A few months ago, I started the Zwift program because I broke my vertebrae. So I had to be careful on the road because my back was fragile. I was just doing Zwift for fun, but I discovered that this application is very complete and allows you to train seriously!

How’re you staying motivated? Any tools you’re using to help you?
Zwift meet-ups motivate me to maintain physical activity and keep a daily sports connection with my friends. Zwift organizes many races and challenges during this pandemic period—it's very attractive! I [also] have time to read a lot, and I often find inspiration for my future projects in books. For example, I enjoy the magazine Les Others, which is a multidisciplinary review combining photography, illustration, creative projects and travel stories. Their objective is to have their readers reconnect with nature, imagining a new definition of adventure: more creative, more responsible and more accessible. The second magazine that inspires me is Petrosilicious, dedicated to classic car enthusiasts. I love old cars!
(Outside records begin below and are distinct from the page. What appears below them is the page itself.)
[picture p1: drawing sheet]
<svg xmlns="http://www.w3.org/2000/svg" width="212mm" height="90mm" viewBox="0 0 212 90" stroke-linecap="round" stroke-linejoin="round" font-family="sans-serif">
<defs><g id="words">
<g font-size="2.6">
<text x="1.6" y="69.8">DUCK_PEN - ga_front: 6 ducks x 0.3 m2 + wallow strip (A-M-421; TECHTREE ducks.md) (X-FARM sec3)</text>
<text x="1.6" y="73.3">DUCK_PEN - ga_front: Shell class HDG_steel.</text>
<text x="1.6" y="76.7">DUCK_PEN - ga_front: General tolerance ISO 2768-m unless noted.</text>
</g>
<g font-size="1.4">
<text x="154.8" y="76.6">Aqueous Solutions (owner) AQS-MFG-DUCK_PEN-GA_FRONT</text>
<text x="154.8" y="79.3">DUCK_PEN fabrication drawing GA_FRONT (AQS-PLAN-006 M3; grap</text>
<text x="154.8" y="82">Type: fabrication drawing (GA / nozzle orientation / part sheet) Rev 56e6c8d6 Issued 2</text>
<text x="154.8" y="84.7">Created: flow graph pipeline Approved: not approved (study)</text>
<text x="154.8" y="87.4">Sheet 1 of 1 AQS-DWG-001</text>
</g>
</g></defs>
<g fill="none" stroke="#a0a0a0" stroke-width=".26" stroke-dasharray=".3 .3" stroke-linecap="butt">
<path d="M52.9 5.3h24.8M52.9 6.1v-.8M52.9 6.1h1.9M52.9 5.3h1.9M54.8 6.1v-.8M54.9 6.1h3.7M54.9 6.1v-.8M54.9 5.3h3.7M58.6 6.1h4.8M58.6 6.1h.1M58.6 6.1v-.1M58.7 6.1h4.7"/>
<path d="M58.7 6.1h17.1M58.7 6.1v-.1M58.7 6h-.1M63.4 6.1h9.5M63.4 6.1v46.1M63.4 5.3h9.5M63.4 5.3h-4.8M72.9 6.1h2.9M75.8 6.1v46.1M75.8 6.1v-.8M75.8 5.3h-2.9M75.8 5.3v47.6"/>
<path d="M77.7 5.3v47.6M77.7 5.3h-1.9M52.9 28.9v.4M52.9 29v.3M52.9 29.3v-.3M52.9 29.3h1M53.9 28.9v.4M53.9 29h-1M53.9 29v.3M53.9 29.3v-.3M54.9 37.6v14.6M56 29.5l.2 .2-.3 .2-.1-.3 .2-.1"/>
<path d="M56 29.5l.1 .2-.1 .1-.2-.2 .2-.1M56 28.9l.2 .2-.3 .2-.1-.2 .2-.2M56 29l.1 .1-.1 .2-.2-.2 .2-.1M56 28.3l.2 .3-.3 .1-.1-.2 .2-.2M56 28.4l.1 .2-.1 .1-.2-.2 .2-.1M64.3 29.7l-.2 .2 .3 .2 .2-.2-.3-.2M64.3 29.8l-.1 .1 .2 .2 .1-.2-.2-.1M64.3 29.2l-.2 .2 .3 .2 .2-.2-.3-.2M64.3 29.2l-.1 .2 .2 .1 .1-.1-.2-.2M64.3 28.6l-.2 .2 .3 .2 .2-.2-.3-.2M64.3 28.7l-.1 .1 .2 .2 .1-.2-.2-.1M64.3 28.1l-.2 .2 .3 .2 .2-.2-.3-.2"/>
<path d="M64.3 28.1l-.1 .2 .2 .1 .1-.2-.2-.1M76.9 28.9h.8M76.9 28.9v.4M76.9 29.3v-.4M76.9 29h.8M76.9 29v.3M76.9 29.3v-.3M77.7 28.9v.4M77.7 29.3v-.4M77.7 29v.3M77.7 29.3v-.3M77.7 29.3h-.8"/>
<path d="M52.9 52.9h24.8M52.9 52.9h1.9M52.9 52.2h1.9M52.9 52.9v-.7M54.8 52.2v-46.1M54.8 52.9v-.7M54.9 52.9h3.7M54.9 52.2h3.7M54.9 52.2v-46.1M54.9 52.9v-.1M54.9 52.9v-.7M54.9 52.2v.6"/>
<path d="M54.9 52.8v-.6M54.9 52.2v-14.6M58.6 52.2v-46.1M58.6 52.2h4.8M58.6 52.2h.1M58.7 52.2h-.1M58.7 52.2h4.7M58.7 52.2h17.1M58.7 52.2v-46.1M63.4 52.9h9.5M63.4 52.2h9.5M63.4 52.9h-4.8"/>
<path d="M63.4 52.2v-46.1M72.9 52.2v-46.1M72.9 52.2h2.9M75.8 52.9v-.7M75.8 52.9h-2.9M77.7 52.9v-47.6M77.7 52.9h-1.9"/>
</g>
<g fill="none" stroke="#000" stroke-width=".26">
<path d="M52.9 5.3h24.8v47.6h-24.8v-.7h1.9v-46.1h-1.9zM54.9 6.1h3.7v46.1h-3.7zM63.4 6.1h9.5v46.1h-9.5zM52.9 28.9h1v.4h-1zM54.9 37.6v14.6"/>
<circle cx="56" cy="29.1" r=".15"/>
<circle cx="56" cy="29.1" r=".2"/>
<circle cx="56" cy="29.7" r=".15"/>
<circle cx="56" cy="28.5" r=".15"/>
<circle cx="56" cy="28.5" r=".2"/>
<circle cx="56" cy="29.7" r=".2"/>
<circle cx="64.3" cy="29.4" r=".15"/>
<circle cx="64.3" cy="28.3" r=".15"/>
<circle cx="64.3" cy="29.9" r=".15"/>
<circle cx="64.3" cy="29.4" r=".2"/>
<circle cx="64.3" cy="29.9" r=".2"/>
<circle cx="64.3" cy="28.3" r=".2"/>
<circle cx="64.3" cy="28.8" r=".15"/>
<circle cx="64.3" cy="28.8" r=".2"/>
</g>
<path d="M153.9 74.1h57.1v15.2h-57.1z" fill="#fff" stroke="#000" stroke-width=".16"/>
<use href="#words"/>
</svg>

Lastly, do you think how you approach riding will change after this? What do you miss most?
I can't wait to rediscover the outside world, to be able to resume cycling trips with Parisian cyclists! Sunny days are coming, so it’s a great time to get some fresh air. And what I will miss from this period at home is taking my time to do things. It’s been nice to take advantage of the calm to reflect on future projects.

One in particular we are working on is our cycling events project (@mobilecycleclub). A few months ago, we bought a Volkswagen van, and quite naturally we came up with the idea of ​​offering our own rides with our van, Ridéon, which is our identity, our image, our name. These will be organized social rides in Paris, with our van serving as a "food truck" bike stop for riders for breakfast and lunch. For instance, at the start of the rides, we will offer food, tea, coffee and handmade energy bars in collaboration with Mojo, a very refined Parisian caterer close to athletes—perfect for our concept! Then, we will take the cyclists to discover the Paris region by bike before stopping for lunch. We don't just want to make a simple trip where everyone goes home after the ride but instead has the opportunity to share a friendly moment between riders. We are also looking to do some road trips in Europe. We can't wait to start the rides!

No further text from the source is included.